Logo Polskiego Radia
POSŁUCHAJ
IAR
Gabriela Skonieczna 07.07.2011

Siły libijskich rebeliantów coraz bliżej Trypolisu

Libijscy rebelianci odnotowują kolejne sukcesy w walkach z siłami Muammara Kaddafiego i są coraz bliżej stolicy kraju.
Siły libijskich rebeliantów coraz bliżej TrypolisuGlow Images/East News

Podczas dwudniowej ofensywy wspierane przez lotnictwo NATO siły rebelianckie zajęły osady na południe od Trypolisu, przesuwają się także dalej na wschód- - donosi agencja AFP. Wśród terenów zajętych przez opozycjonistów jest między innymi strategiczne dla sił Kadafiego miasto Garjan w górach Nafusa. Według niektórych źródeł, ofensywa rebeliantów jest ściśle koordynowana z działaniami NATO.

Korespondent AFP donosi, że cały czas dochodzi do ostrej wymiany ognia między oddziałami libijskiego dyktatora a rebeliantami. NATO informuje o siedmiu ważnych celach wojskowych, zaatakowanych przez siły opozycyjne. Na wschód od miasta Braga zniszczonych zostało w tym między innymi osiem pojazdów opancerzonych.
Dowództwo sił rebelianckich w Bengazi poinformowało, że w ciężkich walkach zginęło co najmniej 10 bojowników, a prawie 60 zostało rannych. W starciach śmierć poniosło także 10 wojskowych z sił Kadafiego.

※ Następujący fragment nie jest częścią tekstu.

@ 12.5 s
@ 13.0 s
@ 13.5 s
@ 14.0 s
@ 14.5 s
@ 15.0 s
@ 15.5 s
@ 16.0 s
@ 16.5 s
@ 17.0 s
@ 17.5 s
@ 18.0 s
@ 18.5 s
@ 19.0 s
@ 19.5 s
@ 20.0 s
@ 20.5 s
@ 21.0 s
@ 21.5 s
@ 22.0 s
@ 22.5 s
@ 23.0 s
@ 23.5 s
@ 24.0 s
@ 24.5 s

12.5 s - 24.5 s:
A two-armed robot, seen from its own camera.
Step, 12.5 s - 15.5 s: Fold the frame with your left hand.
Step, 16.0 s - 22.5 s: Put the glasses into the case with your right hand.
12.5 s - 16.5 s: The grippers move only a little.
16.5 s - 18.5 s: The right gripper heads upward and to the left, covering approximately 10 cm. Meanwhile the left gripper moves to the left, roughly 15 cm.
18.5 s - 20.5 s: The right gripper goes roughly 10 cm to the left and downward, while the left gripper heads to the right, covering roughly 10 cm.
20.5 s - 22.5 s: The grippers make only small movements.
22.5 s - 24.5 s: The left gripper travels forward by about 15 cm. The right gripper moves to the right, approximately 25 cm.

Trypolis szykuje się do obrony

Tymczasem, zwolennicy Muammara Kadafiego przygotowują się do obrony Trypolisu. Przedstawiciel libijskiego rządu Mussa Ibrahim poinformował, że mieszkańcom libijskiej stolicy rozdano ponad milion karabinów. W poniedziałek libijski rząd poinformował, że prowadzi poza krajem rozmowy z opozycją o zakończeniu konfliktu - między innymi we Włoszech, Egipcie i Norwegii.

Coraz więcej krajów uznaje jednak za prawowity rząd libijski gabinet sformowany przez opozycję z siedzibą w Bengazi. Dziś szef polskiej dyplomacji poinformował, że polski ambasador rozpoczął urzędowanie właśnie w tym mieście. W marcu placówka w Trypolisie została zamknięta ze względów bezpieczeństwa.

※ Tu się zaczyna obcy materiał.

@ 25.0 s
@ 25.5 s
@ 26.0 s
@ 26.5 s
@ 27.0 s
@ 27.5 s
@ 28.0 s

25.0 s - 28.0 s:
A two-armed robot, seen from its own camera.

Pentagon nie dostarczy broni

Izba Reprezentantów Stanów Zjednoczonych nie zgodziła się, aby Pentagon dostarczał broń libijskim rebeliantom oraz szkolił ich. Izba zadecydowała również, że Departament Obrony USA nie może doradzać powstańcom ani w żaden inny sposób ich wspierać. Za głosowało 225 członków Izby Reprezentantów, przeciw 201.

Wniosek w tej sprawie złożył republikanin Tom Cole z Oklahomy. Media podkreślają, że część amerykańskiej opinii publicznej krytykuje działania prezydenta Baracka Obamy i zaangażowanie się Stanów Zjednoczonych w konflikt w Libii.
Głosowanie w amerykańskim Senacie w tej sprawie ma się odbyć jutro lub na początku przyszłego tygodnia.